Dermal filler complications have a wide array of presentations including early and late manifestations. Complications in general are demonstrably more common with permanent fillers such as polymethylmethacrylate (PMMA).[1] We present a case report of delayed complication from PMMA filler.

MATERIALS AND METHODS

Data regarding the patient’s presentation, workup, and interventions were collected prospectively. The data are de-identified in nature.

RESULTS

A 47-year-old woman presented with a complaint of bilateral cheek masses which developed one month earlier. The painful masses had grown rapidly. There was associated intermittent periorbital edema. The masses were refractory to multiple courses of oral antibiotics and steroids. The patient had undergone Artefill injections elsewhere in 2012 with no history of local complications at that time.

On exam, there was increased midface volume bilaterally without overlying skin changes. Palpation revealed large bilateral medial infraorbital cheek subcutaneous masses that were mobile, mildly tender, and nodular. Her cranial nerve exam was normal including the sensation of her midface.

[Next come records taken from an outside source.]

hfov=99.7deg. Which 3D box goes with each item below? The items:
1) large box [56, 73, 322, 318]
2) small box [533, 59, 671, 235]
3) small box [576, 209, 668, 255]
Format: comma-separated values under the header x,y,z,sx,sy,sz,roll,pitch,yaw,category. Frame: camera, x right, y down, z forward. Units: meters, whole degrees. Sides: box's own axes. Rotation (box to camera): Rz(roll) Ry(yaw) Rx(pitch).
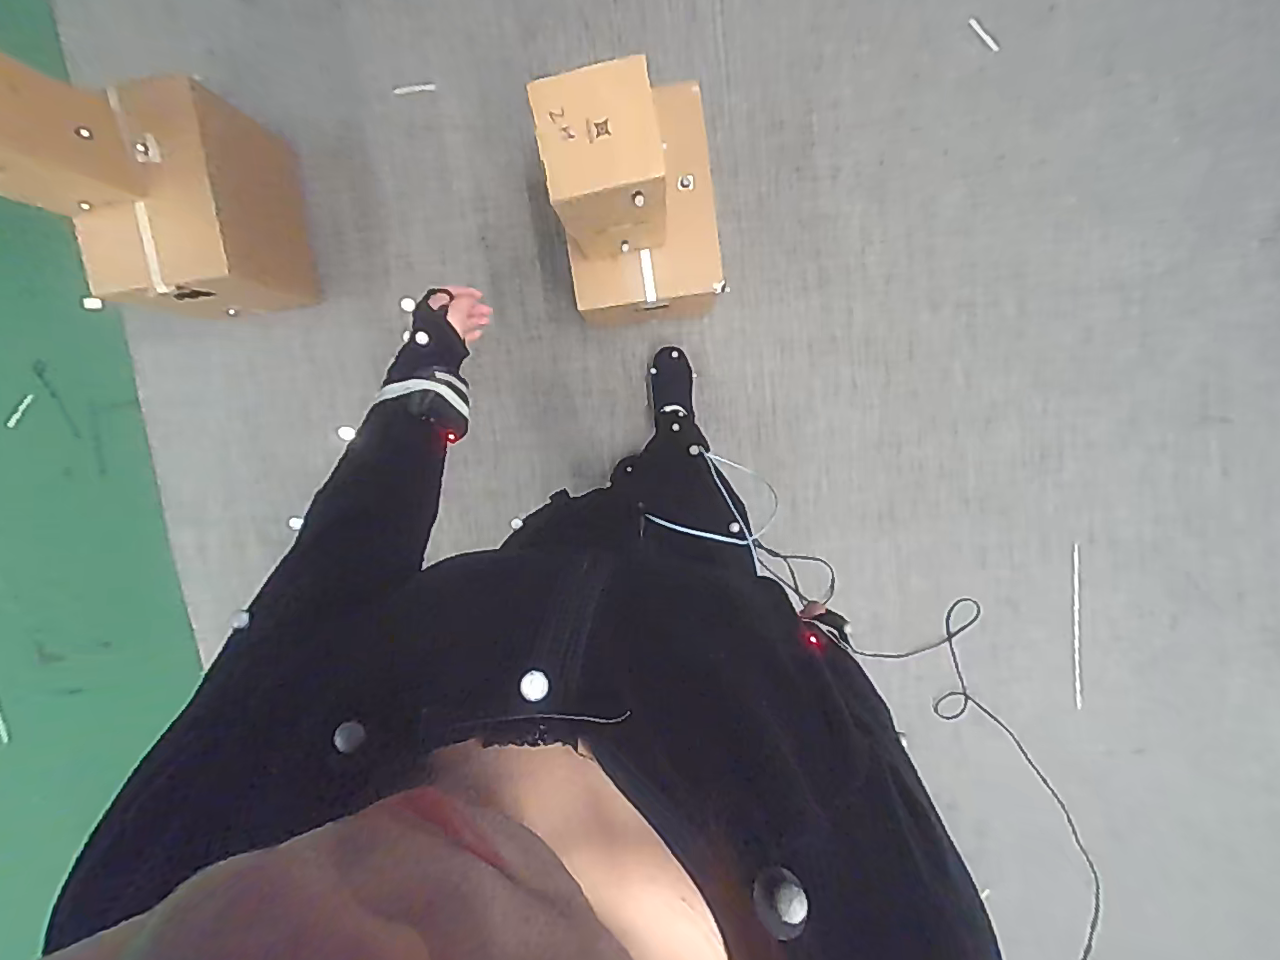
x,y,z,sx,sy,sz,roll,pitch,yaw,category
-1.022,-0.630,1.275,0.320,0.320,0.408,-7,97,3,large box
-0.051,-0.510,0.853,0.179,0.176,0.168,-10,97,5,small box
-0.041,-0.537,1.016,0.168,0.176,0.179,-10,98,5,small box

A noncontrast maxillofacial computed tomography (CT) scan showed subtle and poorly defined premaxillary soft tissue masses. A subsequent magnetic resonance imaging (MRI) revealed bilateral (right 3.0 cm × 0.8 cm and left 2.6 cm × 0.8 cm) nodular irregular premalar soft-tissue masses [Figure 1]. Notably, there was no enhancement of the infraorbital nerve on either side though the masses were immediately adjacent to the foramina. Fine-needle aspiration was obtained bilaterally. Multinucleated giant cells were seen on cytopathology consistent with a granulomatous reaction.

Pretreatment non-contrasted MRI T1 coronal (A) and axial (B)

Treatment consisted of intralesional injections. A mixture of 2.5 mL of triamcinolone acetonide (10 mg/mL) and 0.5 mL of 5-fluorouracil (50 mg/mL) was injected into each granuloma. A total volume of 4.5 mL was ultimately injected into each granuloma. This was performed with aseptic technique under local anesthesia.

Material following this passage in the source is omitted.